Re: security labels on databases are bad for dump & restore

From
Kouhei Kaigai
Date:
> That doesn't answer my question. I'm talking about a client and server
> running on the same system with SELinux MLS policy so that getpeercon
> will return the context of the client process unless it has explicitly
> sets the socket create context . So again will postgresql if the
> sepgsql module is loaded call a function in sepgsql to compute the
> access vector for the source (getpeercon label) contexts access to the
> target context (tables context set by SECURITY LABEL) and fail the
> operation generating an AVC if access is denied because there is no
> policy?
>
Yes.

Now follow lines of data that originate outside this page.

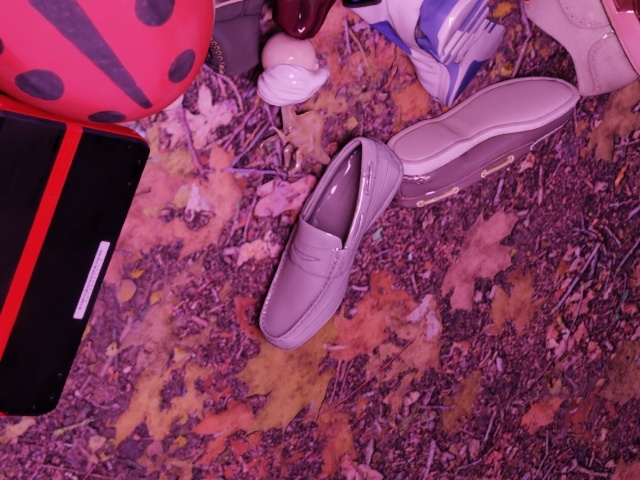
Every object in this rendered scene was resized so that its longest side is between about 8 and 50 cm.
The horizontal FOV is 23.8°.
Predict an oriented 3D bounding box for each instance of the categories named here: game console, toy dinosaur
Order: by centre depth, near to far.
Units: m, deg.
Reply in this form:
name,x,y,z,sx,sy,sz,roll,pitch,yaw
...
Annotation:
name,x,y,z,sx,sy,sz,roll,pitch,yaw
game console,-0.374,0.028,1.780,0.342,0.060,0.387,10,104,-60
toy dinosaur,-0.025,-0.128,2.041,0.092,0.053,0.183,-48,135,-10

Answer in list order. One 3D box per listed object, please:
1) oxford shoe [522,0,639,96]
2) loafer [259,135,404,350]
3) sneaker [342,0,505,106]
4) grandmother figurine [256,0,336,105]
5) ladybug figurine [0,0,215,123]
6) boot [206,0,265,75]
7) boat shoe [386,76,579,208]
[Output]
name,x,y,z,sx,sy,sz,roll,pitch,yaw
oxford shoe,0.319,-0.365,2.045,0.397,0.146,0.140,58,26,-14
loafer,0.000,0.000,2.091,0.111,0.112,0.319,28,89,-57
sneaker,0.135,-0.304,2.030,0.127,0.182,0.315,-51,165,-3
grandmother figurine,-0.015,-0.332,1.887,0.208,0.104,0.342,-18,124,-59
ladybug figurine,-0.273,-0.274,1.614,0.305,0.162,0.449,-35,133,12
boot,-0.145,-0.249,1.857,0.197,0.077,0.137,-20,131,-30
boat shoe,0.239,-0.145,2.219,0.324,0.116,0.097,-25,133,-23
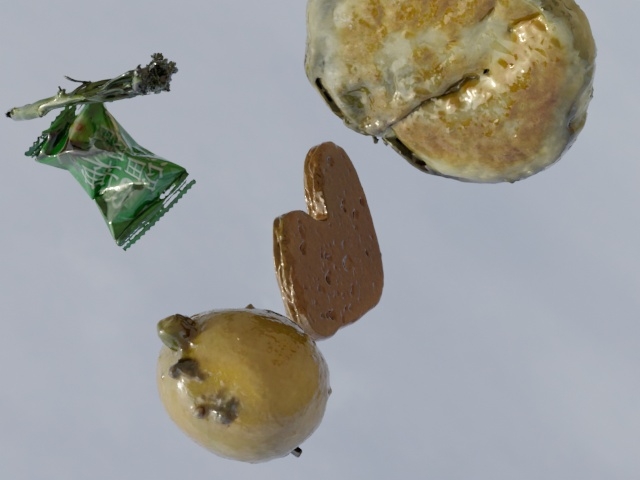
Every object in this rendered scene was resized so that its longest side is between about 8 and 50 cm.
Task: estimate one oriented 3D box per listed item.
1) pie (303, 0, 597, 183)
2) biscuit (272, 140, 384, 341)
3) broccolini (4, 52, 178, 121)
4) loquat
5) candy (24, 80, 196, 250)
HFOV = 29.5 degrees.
[{"bbox_3d":[0.138,-0.193,1.343,0.339,0.339,0.077,28,-131,-2],"label":"pie"},{"bbox_3d":[-0.002,0.000,1.774,0.277,0.052,0.262,-32,-75,-58],"label":"biscuit"},{"bbox_3d":[-0.291,-0.193,1.554,0.123,0.271,0.062,-9,-90,-58],"label":"broccolini"},{"bbox_3d":[-0.081,0.132,1.172,0.204,0.149,0.172,37,169,-37],"label":"loquat"},{"bbox_3d":[-0.282,-0.103,1.653,0.203,0.141,0.078,45,-153,3],"label":"candy"}]
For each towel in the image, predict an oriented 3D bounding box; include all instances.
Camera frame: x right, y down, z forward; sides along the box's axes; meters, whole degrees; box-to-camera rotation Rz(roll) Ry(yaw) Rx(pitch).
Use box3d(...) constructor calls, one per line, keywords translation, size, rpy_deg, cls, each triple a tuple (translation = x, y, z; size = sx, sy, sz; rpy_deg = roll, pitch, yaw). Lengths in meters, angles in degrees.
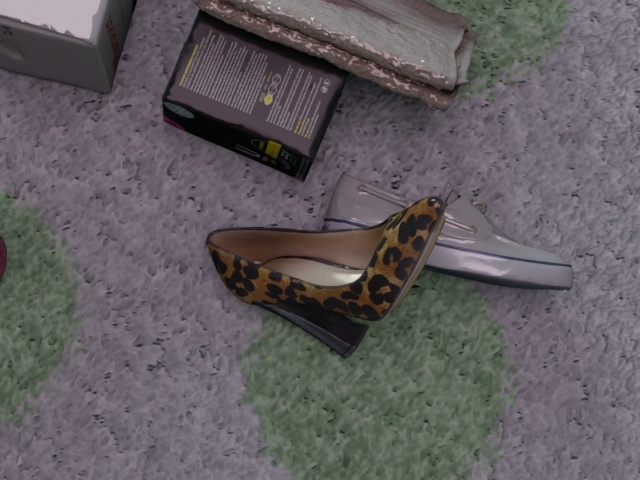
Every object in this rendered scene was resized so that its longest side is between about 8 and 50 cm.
box3d(translation=(0.020, -0.226, 1.661), size=(0.282, 0.187, 0.049), rpy_deg=(21, 118, -2), cls="towel")

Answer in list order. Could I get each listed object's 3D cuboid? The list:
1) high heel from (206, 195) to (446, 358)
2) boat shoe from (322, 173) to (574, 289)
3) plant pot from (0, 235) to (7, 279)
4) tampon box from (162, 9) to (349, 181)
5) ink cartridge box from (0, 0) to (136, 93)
box3d(translation=(0.000, 0.000, 1.594), size=(0.186, 0.261, 0.093), rpy_deg=(34, 48, -3), cls="high heel")
box3d(translation=(0.134, -0.009, 1.678), size=(0.258, 0.095, 0.084), rpy_deg=(13, 85, -4), cls="boat shoe")
box3d(translation=(-0.432, 0.009, 1.590), size=(0.201, 0.201, 0.180), rpy_deg=(-44, 72, -9), cls="plant pot")
box3d(translation=(-0.067, -0.143, 1.666), size=(0.161, 0.120, 0.101), rpy_deg=(22, 81, -1), cls="tampon box")
box3d(translation=(-0.228, -0.320, 1.626), size=(0.131, 0.226, 0.306), rpy_deg=(14, 82, -1), cls="ink cartridge box")
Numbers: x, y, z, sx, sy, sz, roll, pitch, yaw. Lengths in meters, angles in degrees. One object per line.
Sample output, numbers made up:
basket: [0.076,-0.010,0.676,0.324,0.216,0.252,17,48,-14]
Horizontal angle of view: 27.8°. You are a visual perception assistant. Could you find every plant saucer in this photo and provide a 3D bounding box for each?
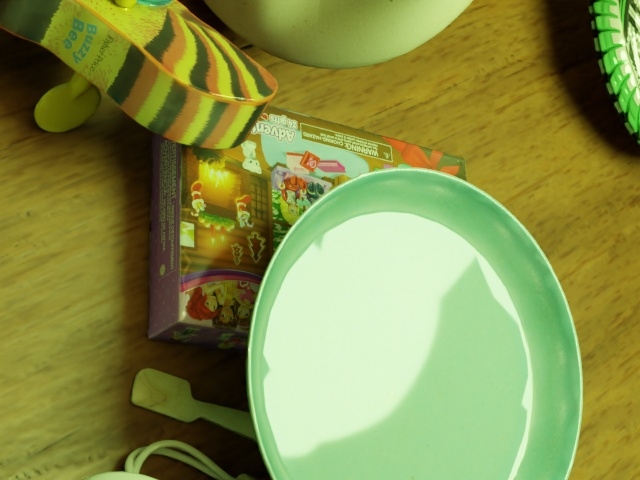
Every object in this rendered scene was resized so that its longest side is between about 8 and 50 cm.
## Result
plant saucer: [0.070,0.077,1.036,0.168,0.029,0.169,6,79,-33]
plant saucer: [0.072,0.103,0.989,0.317,0.043,0.318,6,78,-32]

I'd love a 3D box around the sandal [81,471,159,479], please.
sandal: [-0.042,0.331,0.872,0.169,0.102,0.416,-44,92,-13]

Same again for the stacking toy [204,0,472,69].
stacking toy: [0.117,-0.345,1.189,0.480,0.350,0.351,-16,80,-54]

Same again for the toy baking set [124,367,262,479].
toy baking set: [-0.045,0.206,0.969,0.196,0.030,0.256,-8,75,-37]

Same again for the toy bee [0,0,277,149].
toy bee: [-0.185,-0.164,0.949,0.298,0.195,0.162,26,31,24]

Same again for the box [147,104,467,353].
box: [0.000,0.000,1.073,0.293,0.057,0.201,11,66,-32]

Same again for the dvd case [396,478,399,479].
dvd case: [0.090,0.200,1.045,0.119,0.013,0.087,-31,129,-37]

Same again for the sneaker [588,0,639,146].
sneaker: [0.348,-0.251,1.323,0.134,0.146,0.344,-29,111,-72]
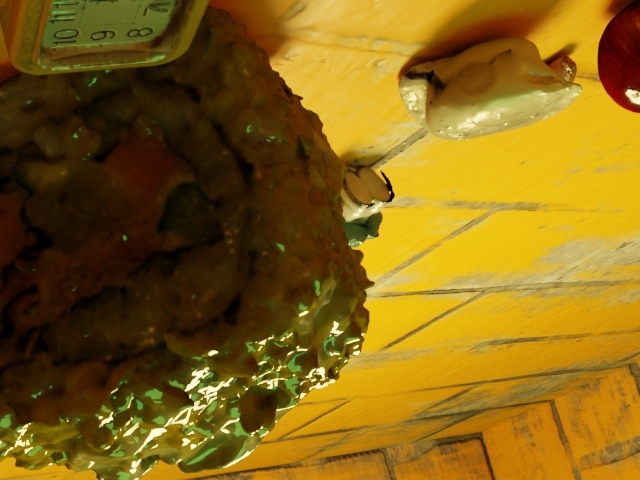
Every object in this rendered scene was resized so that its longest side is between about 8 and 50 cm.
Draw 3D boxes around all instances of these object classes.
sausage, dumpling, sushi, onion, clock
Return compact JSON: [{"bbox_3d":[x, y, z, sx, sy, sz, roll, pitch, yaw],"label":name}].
[{"bbox_3d":[0.219,-0.159,1.327,0.158,0.036,0.042,-28,170,29],"label":"sausage"},{"bbox_3d":[0.174,-0.150,1.221,0.176,0.092,0.150,-22,160,14],"label":"dumpling"},{"bbox_3d":[-0.161,0.025,1.024,0.396,0.351,0.240,-20,162,7],"label":"sushi"},{"bbox_3d":[0.350,-0.192,1.217,0.131,0.131,0.131,-15,162,-5],"label":"onion"},{"bbox_3d":[-0.143,-0.199,0.807,0.143,0.096,0.202,-12,162,-25],"label":"clock"}]

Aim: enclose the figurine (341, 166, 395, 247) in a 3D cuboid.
[{"bbox_3d":[0.000,0.000,1.492,0.138,0.110,0.245,-15,159,-46],"label":"figurine"}]
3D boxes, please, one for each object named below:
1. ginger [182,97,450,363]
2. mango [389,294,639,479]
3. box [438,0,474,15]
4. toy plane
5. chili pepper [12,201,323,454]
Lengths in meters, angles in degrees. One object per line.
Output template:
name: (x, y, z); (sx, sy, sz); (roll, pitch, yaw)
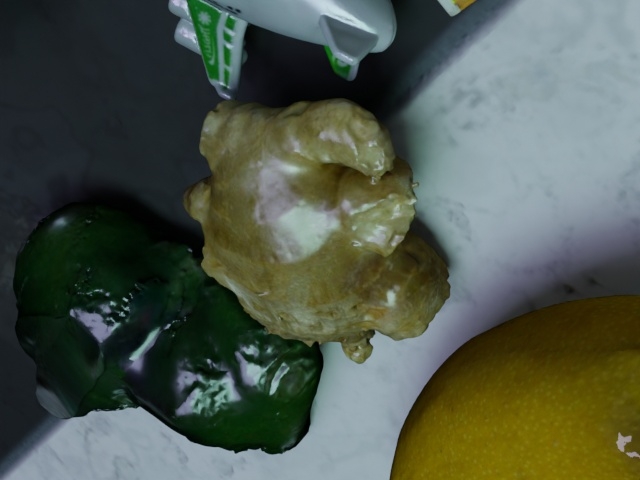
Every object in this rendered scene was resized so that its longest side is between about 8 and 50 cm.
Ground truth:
ginger: (0.000, 0.000, 0.664); (0.157, 0.102, 0.216); (-3, 132, 20)
mango: (0.140, 0.139, 0.634); (0.187, 0.144, 0.359); (48, 144, 19)
box: (0.047, -0.235, 0.530); (0.122, 0.032, 0.220); (-30, 102, 40)
toy plane: (-0.034, -0.155, 0.597); (0.174, 0.080, 0.174); (16, 128, 22)
chili pepper: (-0.128, 0.073, 0.773); (0.264, 0.116, 0.148); (32, 139, 9)
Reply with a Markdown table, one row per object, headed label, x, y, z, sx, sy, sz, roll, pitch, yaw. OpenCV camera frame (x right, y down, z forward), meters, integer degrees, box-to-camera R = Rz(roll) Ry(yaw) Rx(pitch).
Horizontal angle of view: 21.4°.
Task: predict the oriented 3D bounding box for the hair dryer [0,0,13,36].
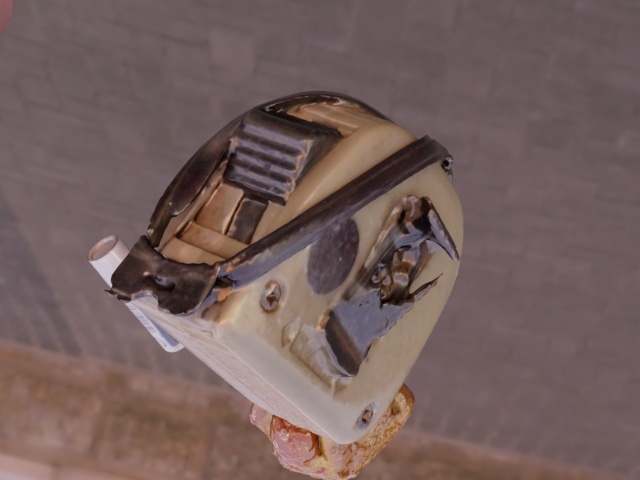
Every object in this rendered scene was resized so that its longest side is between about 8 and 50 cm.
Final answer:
| label | x | y | z | sx | sy | sz | roll | pitch | yaw |
| --- | --- | --- | --- | --- | --- | --- | --- | --- | --- |
| hair dryer | -0.347 | -0.058 | 1.274 | 0.125 | 0.210 | 0.352 | 25 | 140 | 1 |

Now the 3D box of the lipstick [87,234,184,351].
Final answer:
| label | x | y | z | sx | sy | sz | roll | pitch | yaw |
| --- | --- | --- | --- | --- | --- | --- | --- | --- | --- |
| lipstick | -0.184 | 0.057 | 1.750 | 0.040 | 0.040 | 0.141 | -5 | 131 | 47 |

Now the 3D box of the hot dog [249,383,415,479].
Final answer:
| label | x | y | z | sx | sy | sz | roll | pitch | yaw |
| --- | --- | --- | --- | --- | --- | --- | --- | --- | --- |
| hot dog | 0.004 | 0.212 | 2.074 | 0.150 | 0.153 | 0.257 | 42 | -168 | 20 |

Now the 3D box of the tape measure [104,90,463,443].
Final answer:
| label | x | y | z | sx | sy | sz | roll | pitch | yaw |
| --- | --- | --- | --- | --- | --- | --- | --- | --- | --- |
| tape measure | 0.000 | 0.000 | 1.184 | 0.133 | 0.231 | 0.271 | 21 | 166 | 37 |
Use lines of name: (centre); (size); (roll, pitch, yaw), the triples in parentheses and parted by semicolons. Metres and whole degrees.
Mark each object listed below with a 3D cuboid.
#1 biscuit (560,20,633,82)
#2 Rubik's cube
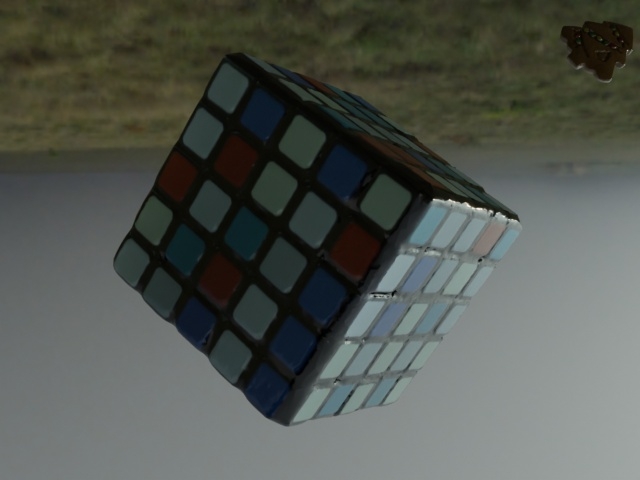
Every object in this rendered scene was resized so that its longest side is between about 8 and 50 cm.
biscuit: (0.312, -0.215, 0.983); (0.092, 0.082, 0.016); (-27, 159, -15)
Rubik's cube: (0.000, 0.000, 0.630); (0.182, 0.184, 0.187); (40, -165, 25)
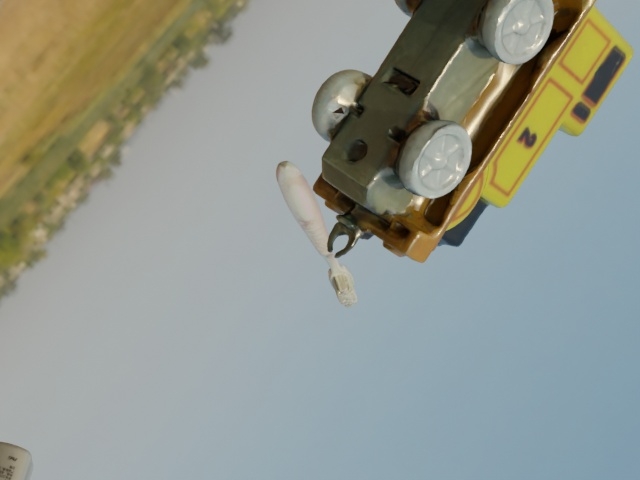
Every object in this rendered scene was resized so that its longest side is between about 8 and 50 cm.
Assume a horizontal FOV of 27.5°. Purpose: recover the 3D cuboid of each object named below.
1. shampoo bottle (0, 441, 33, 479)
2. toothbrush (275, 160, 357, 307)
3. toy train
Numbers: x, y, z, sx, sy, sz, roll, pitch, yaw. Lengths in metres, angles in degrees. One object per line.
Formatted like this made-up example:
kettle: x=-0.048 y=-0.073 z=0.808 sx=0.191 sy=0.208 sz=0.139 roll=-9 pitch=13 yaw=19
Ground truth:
shampoo bottle: x=-0.384 y=0.322 z=1.436 sx=0.227 sy=0.086 sz=0.056 roll=-83 pitch=173 yaw=-50
toothbrush: x=0.000 y=0.000 z=1.205 sx=0.025 sy=0.029 sz=0.307 roll=-20 pitch=155 yaw=3
toy train: x=0.081 y=-0.075 z=0.687 sx=0.089 sy=0.127 sz=0.219 roll=36 pitch=-85 yaw=45
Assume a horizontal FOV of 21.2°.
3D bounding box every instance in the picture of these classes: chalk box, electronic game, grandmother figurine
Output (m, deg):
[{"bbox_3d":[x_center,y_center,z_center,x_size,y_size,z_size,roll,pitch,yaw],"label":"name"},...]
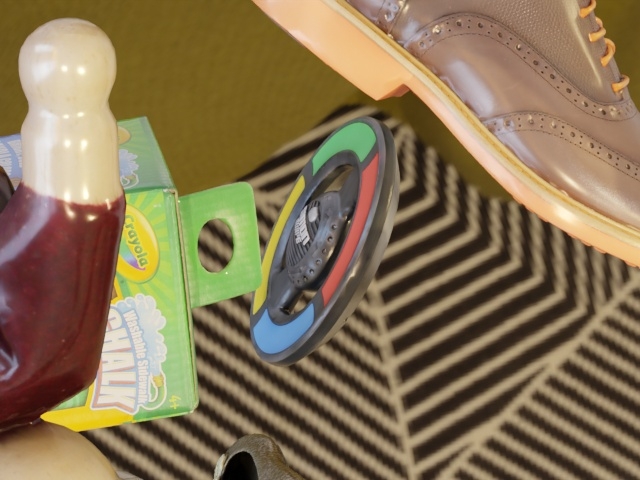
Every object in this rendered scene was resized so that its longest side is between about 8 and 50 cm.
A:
[{"bbox_3d":[-0.184,0.025,1.250,0.289,0.179,0.180,-9,112,-8],"label":"chalk box"},{"bbox_3d":[0.000,0.000,1.471,0.048,0.229,0.229,24,69,-19],"label":"electronic game"},{"bbox_3d":[-0.140,-0.007,0.534,0.104,0.208,0.342,-31,102,-40],"label":"grandmother figurine"}]

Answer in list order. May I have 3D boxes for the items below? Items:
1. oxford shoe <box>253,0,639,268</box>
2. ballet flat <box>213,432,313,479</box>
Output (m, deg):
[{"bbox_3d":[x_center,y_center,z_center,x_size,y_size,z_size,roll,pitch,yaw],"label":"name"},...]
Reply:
[{"bbox_3d":[0.137,-0.096,1.020,0.364,0.130,0.132,34,101,-2],"label":"oxford shoe"},{"bbox_3d":[-0.053,0.207,1.379,0.058,0.250,0.084,0,94,-18],"label":"ballet flat"}]
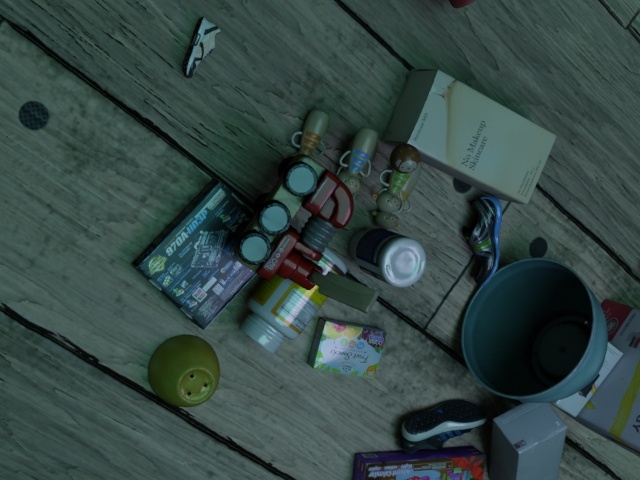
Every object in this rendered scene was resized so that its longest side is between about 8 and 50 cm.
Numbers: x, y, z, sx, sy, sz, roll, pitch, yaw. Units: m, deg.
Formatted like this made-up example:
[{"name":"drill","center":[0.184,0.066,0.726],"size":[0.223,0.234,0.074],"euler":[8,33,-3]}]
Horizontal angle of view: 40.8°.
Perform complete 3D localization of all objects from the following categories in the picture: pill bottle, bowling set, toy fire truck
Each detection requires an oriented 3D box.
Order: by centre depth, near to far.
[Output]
[{"name":"toy fire truck","center":[0.000,0.000,1.494],"size":[0.246,0.158,0.217],"euler":[33,94,-14]},{"name":"bowling set","center":[0.086,-0.120,1.587],"size":[0.287,0.200,0.154],"euler":[23,91,-21]},{"name":"pill bottle","center":[-0.055,0.102,1.604],"size":[0.117,0.117,0.215],"euler":[41,83,-24]},{"name":"pill bottle","center":[0.121,0.027,1.636],"size":[0.094,0.169,0.094],"euler":[-5,102,-23]}]

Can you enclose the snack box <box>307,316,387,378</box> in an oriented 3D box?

You may see AVC denial/allowed message on PostgreSQL log, like:

LOG:  SELinux: allowed { create } scontext=unconfined_u:unconfined_r:unconfined_t:s0
tcontext=unconfined_u:object_r:sepgsql_table_t:s0tclass=db_table name="regtest_schema.regtest_table"
 

scontext comes from getpeercon(3),
tcontext comes from the configuration by SECURITY LABEL command.

Thanks,
--
NEC Business Creation Division / PG-Strom Project
KaiGai Kohei <kaigai@ak.jp.nec.com>


Re: security labels on databases are bad for dump & restore

From
Andres Freund
Date:
On 2015-07-14 13:09:26 -0400, Adam Brightwell wrote:
> All,
> 
> >> I won't have time to do anything about this anytime soon, but I think we
> >> should fix that at some point.  Shall I put this on the todo? Or do we
> >> want to create an 'open items' page that's not major version specific?
> >
> > I think adding it to the TODO would be great.

Done. It's rather telling that it took me a fair while to find a spot in
the todo list where it fits...

> I'd be willing to look/dive into this one further.

Cool.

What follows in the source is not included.